Why Rome had to fall (version 2)
I took a stab at this half a year ago, however, the post now seems to me to be barely readable. Let us start with the famous chart and the famous Seneca quote.
The chart:
The chart is basically accurate, particularly for Italy -what Italian ruins do you know of from between 550 and 1450, other than the Leonine walls? The “Christian dark ages”, are, of course, needless editorializing -it would be better called the “Germanic dark ages”.
The Seneca quote:
Who can be braver than the Germans? Who charge more boldly? Who have more love of arms, among which they are born and bred, for which alone they care, to the neglect of everything else? Who can be more hardened to undergo every hardship, since a large part of them have no store of clothing for the body, no shelter from the continual rigour of the climate: yet Spaniards and Gauls, and even the unwarlike races of Asia and Syria cut them down before the main legion comes within sight, nothing but their own irascibility exposing them to death. Give but intelligence to those minds, and discipline to those bodies of theirs, which now are ignorant of vicious refinements, luxury, and wealth, —to say nothing more, we should certainly be obliged to go back to the ancient Roman habits of life.
Simply put, the risk to the civilized northern regions was always greater than that to southerly ones when the northern barbarians became civilized enough to destroy their southern neighbors. The Angles and Saxons conquered Britain, the Franks conquered Gaul, the Ostrogoths and Lombards conquered Italy, the Visigoths conquered Spain, the Vandals conquered Tunisia, and the Slavs conquered the Balkans -but the Slav and Anglo-Saxon conquests left behind nothing of Roman civilization, while the Vandals and Ostrogoths left almost everything of importance intact. Gaul and Hispania were naturally in between and Lombard Italy fell closer to the Slavic example. Apparently movement in one large army rather than a human wave of ungoverned warbands insulated the southerly regions from civilizational collapse.
It was in the fifth century the Germans -and it was formerly settled Germans, largely from today’s southern Poland, eastern Slovakia, western Ukraine, and Romania/Moldova who are at issue here, not simply generic northern barbarians (e.g., Huns/Alans), after centuries of contact with the Roman world, became capable of consistently defeating Roman armies and, by extension, destroying Roman state and creative institutions. The barbarians are the key players here, as they were in the case of the fall of the Eastern Roman Empire in the seventh and eleventh centuries AD. Though both feudalism and aristocratic corruption were prominent in the Roman fourth century (on this, see Ramsay MacMullen’s Corruption and the Decline of Rome) local aristocrats could not organize viable armies without a collapse of Roman state institutions. This required a rise in barbarian capability.
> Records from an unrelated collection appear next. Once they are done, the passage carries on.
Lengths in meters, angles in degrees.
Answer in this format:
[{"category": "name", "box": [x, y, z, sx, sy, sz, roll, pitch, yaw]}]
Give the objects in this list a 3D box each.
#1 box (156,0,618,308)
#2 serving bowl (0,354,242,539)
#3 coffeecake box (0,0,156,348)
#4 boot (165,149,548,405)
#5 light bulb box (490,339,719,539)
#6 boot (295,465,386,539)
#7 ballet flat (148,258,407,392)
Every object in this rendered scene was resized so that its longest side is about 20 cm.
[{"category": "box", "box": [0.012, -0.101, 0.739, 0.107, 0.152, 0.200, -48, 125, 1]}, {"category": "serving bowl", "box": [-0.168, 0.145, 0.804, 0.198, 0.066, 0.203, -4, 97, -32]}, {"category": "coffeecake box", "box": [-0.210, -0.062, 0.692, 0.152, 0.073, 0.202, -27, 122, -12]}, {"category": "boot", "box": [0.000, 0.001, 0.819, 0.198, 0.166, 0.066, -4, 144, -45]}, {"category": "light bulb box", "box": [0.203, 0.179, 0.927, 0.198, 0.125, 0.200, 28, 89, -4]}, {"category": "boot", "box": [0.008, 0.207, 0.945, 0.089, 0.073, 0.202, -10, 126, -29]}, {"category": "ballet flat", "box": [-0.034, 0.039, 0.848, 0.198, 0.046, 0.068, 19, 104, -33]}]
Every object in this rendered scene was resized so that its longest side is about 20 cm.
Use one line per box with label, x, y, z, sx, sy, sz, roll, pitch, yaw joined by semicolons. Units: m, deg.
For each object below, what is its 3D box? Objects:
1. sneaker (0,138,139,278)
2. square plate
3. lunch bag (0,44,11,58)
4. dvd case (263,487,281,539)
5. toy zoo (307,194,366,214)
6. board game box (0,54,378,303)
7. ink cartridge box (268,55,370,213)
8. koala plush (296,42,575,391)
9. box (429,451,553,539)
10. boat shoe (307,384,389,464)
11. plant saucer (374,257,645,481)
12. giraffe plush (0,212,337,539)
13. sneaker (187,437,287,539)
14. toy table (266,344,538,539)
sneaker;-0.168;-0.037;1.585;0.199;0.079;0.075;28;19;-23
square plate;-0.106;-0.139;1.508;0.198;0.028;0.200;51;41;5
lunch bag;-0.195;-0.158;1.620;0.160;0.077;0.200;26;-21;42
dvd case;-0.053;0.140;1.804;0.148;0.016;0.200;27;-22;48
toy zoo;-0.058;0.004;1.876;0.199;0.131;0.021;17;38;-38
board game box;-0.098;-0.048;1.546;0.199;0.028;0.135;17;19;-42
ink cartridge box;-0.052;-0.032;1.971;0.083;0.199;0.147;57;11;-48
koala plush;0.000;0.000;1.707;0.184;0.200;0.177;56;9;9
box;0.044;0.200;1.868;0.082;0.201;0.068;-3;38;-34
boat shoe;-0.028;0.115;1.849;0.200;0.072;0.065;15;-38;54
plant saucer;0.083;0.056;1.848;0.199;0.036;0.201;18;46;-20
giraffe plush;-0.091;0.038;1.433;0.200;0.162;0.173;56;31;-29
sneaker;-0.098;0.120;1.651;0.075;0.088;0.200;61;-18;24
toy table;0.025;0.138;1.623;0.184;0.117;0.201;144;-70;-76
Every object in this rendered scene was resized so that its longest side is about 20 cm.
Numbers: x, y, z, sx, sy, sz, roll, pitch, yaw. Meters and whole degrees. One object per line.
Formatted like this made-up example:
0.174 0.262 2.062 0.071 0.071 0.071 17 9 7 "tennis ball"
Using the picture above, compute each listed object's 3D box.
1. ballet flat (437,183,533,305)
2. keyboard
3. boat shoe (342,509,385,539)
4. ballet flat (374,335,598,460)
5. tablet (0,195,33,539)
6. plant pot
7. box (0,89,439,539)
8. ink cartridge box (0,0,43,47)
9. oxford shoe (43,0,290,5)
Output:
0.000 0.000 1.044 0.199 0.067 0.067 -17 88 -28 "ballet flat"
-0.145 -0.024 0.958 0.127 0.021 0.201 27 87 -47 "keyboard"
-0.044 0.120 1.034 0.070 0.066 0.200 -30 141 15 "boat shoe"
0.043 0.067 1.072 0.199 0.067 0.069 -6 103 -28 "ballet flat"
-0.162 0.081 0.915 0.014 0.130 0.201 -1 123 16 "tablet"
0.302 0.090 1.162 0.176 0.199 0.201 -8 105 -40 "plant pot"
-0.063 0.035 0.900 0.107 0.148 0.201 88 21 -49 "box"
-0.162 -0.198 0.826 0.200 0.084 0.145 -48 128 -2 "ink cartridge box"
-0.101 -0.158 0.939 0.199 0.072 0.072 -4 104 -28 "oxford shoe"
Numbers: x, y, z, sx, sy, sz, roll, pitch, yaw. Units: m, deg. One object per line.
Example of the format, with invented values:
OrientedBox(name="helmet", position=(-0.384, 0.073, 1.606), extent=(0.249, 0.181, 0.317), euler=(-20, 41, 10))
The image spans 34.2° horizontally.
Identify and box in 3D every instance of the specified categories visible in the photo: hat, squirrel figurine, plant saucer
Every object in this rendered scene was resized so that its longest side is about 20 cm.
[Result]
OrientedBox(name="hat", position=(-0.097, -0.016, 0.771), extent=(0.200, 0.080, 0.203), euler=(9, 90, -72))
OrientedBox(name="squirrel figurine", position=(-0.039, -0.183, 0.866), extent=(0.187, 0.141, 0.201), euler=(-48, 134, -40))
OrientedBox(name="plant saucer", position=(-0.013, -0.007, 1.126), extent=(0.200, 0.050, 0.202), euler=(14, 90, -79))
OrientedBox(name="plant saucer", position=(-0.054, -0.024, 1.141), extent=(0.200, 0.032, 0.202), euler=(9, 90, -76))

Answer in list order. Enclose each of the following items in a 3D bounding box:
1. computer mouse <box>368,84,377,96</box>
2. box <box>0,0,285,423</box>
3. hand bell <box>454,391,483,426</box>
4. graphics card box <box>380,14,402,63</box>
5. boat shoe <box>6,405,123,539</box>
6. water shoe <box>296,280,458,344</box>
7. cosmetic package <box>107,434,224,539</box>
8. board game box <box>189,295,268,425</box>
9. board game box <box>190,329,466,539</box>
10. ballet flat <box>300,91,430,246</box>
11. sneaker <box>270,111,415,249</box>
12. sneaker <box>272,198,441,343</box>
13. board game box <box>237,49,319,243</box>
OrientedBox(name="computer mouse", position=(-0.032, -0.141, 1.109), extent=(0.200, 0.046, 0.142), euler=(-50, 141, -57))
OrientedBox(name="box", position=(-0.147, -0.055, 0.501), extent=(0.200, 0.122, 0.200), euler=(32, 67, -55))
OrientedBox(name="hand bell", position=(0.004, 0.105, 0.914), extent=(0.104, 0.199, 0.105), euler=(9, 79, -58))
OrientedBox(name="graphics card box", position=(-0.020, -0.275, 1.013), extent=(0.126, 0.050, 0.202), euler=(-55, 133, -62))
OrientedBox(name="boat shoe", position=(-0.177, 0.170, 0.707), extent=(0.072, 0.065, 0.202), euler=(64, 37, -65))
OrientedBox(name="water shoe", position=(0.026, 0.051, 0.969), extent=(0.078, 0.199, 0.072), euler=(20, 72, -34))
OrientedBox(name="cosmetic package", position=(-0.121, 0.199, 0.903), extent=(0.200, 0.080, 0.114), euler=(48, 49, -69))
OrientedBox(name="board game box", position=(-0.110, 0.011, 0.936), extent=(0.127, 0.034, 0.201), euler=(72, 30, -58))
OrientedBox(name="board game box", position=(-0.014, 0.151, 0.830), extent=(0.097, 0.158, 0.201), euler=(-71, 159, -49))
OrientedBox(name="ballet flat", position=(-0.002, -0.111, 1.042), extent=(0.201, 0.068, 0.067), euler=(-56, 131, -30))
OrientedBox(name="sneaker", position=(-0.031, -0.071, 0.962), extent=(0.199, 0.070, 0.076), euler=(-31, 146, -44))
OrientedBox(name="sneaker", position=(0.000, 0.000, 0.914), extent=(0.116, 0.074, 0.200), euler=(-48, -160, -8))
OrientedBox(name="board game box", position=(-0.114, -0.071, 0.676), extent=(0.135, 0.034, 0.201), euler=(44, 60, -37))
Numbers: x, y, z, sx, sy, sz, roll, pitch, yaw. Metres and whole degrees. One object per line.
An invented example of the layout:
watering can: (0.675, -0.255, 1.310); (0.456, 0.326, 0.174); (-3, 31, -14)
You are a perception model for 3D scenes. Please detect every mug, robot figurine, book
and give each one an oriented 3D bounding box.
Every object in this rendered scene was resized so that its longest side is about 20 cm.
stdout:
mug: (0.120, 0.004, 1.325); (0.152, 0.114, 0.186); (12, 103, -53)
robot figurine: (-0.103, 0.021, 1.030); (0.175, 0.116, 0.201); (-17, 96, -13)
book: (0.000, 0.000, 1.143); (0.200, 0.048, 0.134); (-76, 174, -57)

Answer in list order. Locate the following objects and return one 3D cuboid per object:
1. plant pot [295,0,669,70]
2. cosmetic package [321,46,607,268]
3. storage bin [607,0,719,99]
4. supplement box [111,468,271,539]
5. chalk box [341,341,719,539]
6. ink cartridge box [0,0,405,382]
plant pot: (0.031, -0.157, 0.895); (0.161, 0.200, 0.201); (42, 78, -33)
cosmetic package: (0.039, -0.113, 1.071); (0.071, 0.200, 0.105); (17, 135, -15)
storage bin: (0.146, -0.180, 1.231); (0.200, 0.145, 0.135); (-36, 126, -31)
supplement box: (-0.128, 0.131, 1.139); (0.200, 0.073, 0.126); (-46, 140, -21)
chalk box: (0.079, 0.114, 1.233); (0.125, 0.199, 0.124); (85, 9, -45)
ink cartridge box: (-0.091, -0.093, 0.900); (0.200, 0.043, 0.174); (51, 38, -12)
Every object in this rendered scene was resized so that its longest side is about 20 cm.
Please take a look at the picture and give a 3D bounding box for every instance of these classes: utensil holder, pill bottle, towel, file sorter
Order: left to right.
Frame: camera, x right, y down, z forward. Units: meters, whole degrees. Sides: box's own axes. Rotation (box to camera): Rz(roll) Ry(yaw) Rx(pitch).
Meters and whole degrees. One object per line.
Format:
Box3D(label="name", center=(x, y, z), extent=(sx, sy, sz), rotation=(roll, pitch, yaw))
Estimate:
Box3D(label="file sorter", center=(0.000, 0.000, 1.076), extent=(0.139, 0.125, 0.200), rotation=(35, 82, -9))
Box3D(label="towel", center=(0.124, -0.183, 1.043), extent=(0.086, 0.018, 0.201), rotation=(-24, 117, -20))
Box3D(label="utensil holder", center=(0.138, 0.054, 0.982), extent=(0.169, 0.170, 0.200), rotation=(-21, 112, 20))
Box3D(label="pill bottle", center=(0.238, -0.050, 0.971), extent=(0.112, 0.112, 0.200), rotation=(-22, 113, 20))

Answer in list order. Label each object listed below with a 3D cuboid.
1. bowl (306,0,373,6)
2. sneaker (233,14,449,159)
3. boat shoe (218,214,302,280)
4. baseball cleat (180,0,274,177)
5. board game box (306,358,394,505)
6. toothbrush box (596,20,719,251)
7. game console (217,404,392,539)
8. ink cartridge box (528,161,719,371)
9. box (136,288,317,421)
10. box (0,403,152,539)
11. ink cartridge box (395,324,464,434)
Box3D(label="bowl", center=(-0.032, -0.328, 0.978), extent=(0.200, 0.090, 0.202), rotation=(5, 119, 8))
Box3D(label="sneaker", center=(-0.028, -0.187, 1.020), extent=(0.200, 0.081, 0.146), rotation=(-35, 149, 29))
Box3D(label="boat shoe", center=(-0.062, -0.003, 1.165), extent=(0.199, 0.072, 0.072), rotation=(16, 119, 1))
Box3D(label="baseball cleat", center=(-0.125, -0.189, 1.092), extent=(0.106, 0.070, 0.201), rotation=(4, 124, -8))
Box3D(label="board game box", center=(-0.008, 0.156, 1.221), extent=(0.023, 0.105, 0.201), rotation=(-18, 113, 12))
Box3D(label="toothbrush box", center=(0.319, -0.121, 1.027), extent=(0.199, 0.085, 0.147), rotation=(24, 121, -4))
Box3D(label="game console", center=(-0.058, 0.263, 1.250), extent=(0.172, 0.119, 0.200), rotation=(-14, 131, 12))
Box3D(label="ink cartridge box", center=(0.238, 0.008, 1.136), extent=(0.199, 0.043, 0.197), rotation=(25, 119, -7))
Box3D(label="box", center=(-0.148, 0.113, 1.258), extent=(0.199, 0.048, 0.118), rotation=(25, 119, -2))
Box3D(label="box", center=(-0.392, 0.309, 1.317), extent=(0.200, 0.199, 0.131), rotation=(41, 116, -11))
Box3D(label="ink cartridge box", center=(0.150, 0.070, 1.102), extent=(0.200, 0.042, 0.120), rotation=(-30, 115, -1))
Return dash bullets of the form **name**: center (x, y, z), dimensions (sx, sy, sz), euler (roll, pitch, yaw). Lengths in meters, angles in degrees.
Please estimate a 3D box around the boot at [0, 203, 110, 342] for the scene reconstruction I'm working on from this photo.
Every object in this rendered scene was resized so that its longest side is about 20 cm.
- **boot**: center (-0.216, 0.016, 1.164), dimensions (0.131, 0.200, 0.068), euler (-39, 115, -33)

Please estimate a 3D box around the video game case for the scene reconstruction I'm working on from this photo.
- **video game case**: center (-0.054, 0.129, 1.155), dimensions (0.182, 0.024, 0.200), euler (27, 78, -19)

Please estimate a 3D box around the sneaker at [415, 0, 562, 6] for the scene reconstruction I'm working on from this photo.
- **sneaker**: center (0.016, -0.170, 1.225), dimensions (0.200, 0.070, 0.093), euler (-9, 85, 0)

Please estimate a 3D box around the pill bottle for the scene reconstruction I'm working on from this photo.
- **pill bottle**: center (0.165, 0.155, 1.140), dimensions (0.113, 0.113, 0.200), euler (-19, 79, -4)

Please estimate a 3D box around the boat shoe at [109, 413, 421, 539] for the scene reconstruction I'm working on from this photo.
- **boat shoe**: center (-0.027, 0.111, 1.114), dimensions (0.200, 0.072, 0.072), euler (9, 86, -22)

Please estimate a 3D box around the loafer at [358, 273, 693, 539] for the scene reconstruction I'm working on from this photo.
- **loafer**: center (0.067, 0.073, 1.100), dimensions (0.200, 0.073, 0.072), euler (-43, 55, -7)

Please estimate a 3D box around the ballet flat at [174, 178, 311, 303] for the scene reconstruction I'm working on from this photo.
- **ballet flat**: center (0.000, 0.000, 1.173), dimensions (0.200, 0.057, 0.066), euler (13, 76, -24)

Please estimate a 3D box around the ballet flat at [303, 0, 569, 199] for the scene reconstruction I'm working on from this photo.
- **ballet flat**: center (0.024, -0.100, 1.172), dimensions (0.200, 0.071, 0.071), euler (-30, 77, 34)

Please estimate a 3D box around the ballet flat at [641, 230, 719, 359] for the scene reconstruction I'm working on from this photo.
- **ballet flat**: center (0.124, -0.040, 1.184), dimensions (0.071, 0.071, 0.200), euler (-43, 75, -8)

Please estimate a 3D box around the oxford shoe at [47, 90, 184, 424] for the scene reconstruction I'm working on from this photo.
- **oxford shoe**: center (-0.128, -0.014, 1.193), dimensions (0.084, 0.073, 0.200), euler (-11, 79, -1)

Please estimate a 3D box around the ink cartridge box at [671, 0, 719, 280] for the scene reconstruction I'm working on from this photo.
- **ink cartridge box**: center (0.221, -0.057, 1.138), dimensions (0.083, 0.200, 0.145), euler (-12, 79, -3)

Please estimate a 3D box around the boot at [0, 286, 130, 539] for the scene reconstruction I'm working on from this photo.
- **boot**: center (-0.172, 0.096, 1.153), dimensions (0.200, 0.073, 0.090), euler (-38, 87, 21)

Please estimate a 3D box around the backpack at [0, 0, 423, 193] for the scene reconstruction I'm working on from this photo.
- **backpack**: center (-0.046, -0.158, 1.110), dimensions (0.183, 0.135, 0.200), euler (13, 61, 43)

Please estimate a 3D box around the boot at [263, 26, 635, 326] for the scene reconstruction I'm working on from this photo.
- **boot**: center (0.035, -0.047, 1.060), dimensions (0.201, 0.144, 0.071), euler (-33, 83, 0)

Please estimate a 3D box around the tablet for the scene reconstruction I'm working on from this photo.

The first way was due to cultural exchange -light in the third century, but heavy in the fourth- between Roman and Germanic territories. The second way was through Germanic armies numbering in the tens of thousands gaining massive capability after fifteen years’ or so settlement within the Roman Empire. Consider the Visigoths’ ascent between and 382 and 396, Tribigild’s Goths’ ascent between 386 and 399, and the Vandals’ between 406 and 421, and contrast them with Radagaisus’s war in 406. Though these chiefdoms were a small fraction of total Germanic immigration into the empire during the fourth century, they became extremely powerful -Athaulf’s mobile chiefdom overthrew a Roman usurper in eastern Gaul! By the year 500, Germanic kingdoms’ conquest of the Western Roman Empire was so total, only small bands of Moors, Basques, and Britons living on rocky soil remained to resist their rule.
What was necessary to get the old Western Roman Empire out of its dark age were two things: first, the gradual regrowth of cities (a phenomenon from Belgium and England to Tunisia and Morocco) following their destruction by both barbarian conquests and barbarian institutions, and, secondly, the transformation of people beyond the Rhine from a destructive force to a creative one. Once that centuries-long process was achieved, Europe’s progress could start again.